Nested learning introduces a hierarchical training scheme that separates fast, immediate processing from slower, long‑term consolidation, mirroring the brain's fast‑slow circuits. By consolidating important patterns into a stable memory layer, the model retains previously learned knowledge while still integrating new data.
What neuroscience concepts inspired the design of nested learning for large‑language models?
The approach draws on the brain's fast‑slow circuit motif, where rapid neural activity handles present stimuli and slower circuits consolidate lasting memories through neuroplasticity. This analogy guides the separation of short‑term updates from long‑term knowledge storage in LLMs.

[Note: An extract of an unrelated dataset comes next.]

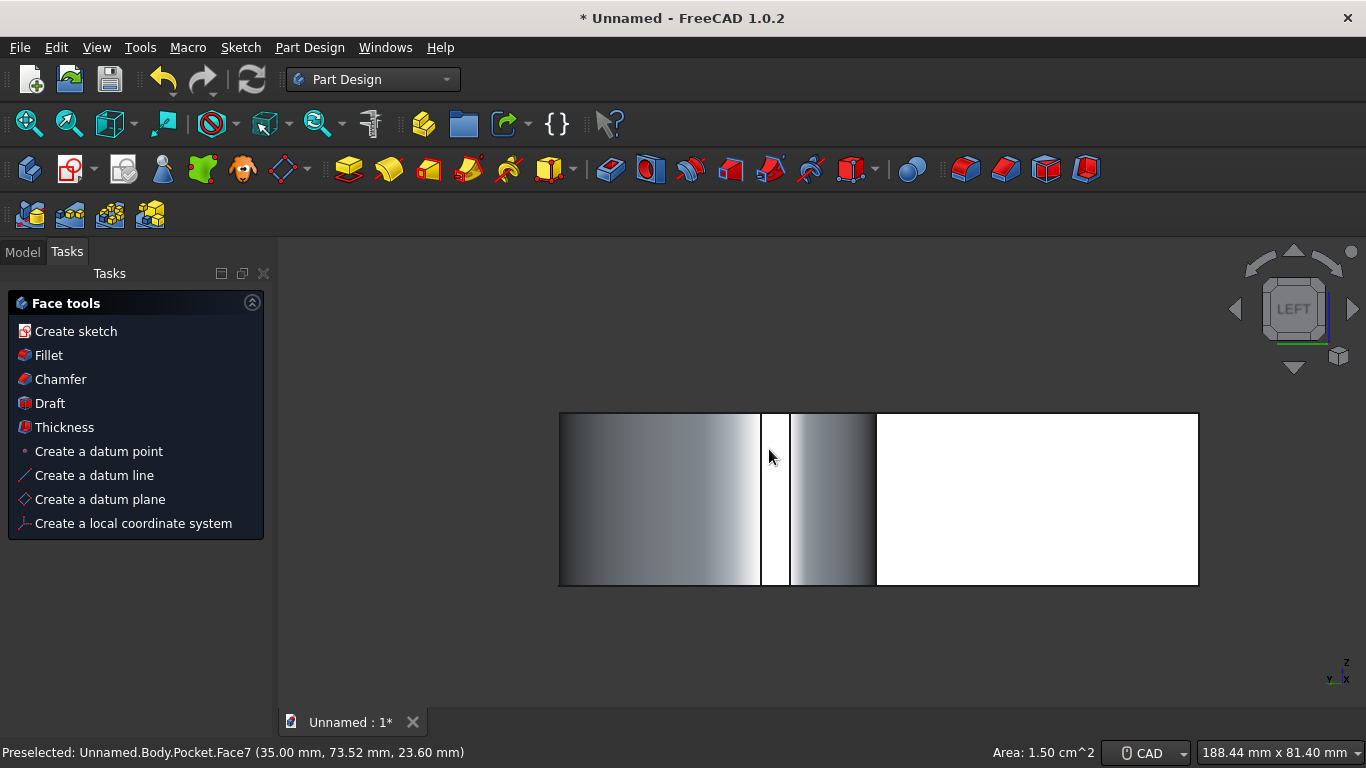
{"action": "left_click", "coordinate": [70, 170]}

Why do widening the context window or periodic retraining only postpone information loss in current LLMs?
Current LLMs store information solely in the context window and static pre‑training weights, so expanding the window or retraining merely delays the inevitable overwrite of older knowledge. Without a dedicated long‑term memory mechanism, these tactics cannot fundamentally stop catastrophic forgetting.
What evidence does the NeurIPS 2025 paper provide about the effectiveness of nested learning?
The NeurIPS 2025 paper reports that models using nested learning maintain higher performance on previously learned tasks after successive updates, compared to baseline LLMs that suffer noticeable degradation. These results suggest that the fast‑slow consolidation strategy successfully mitigates forgetting.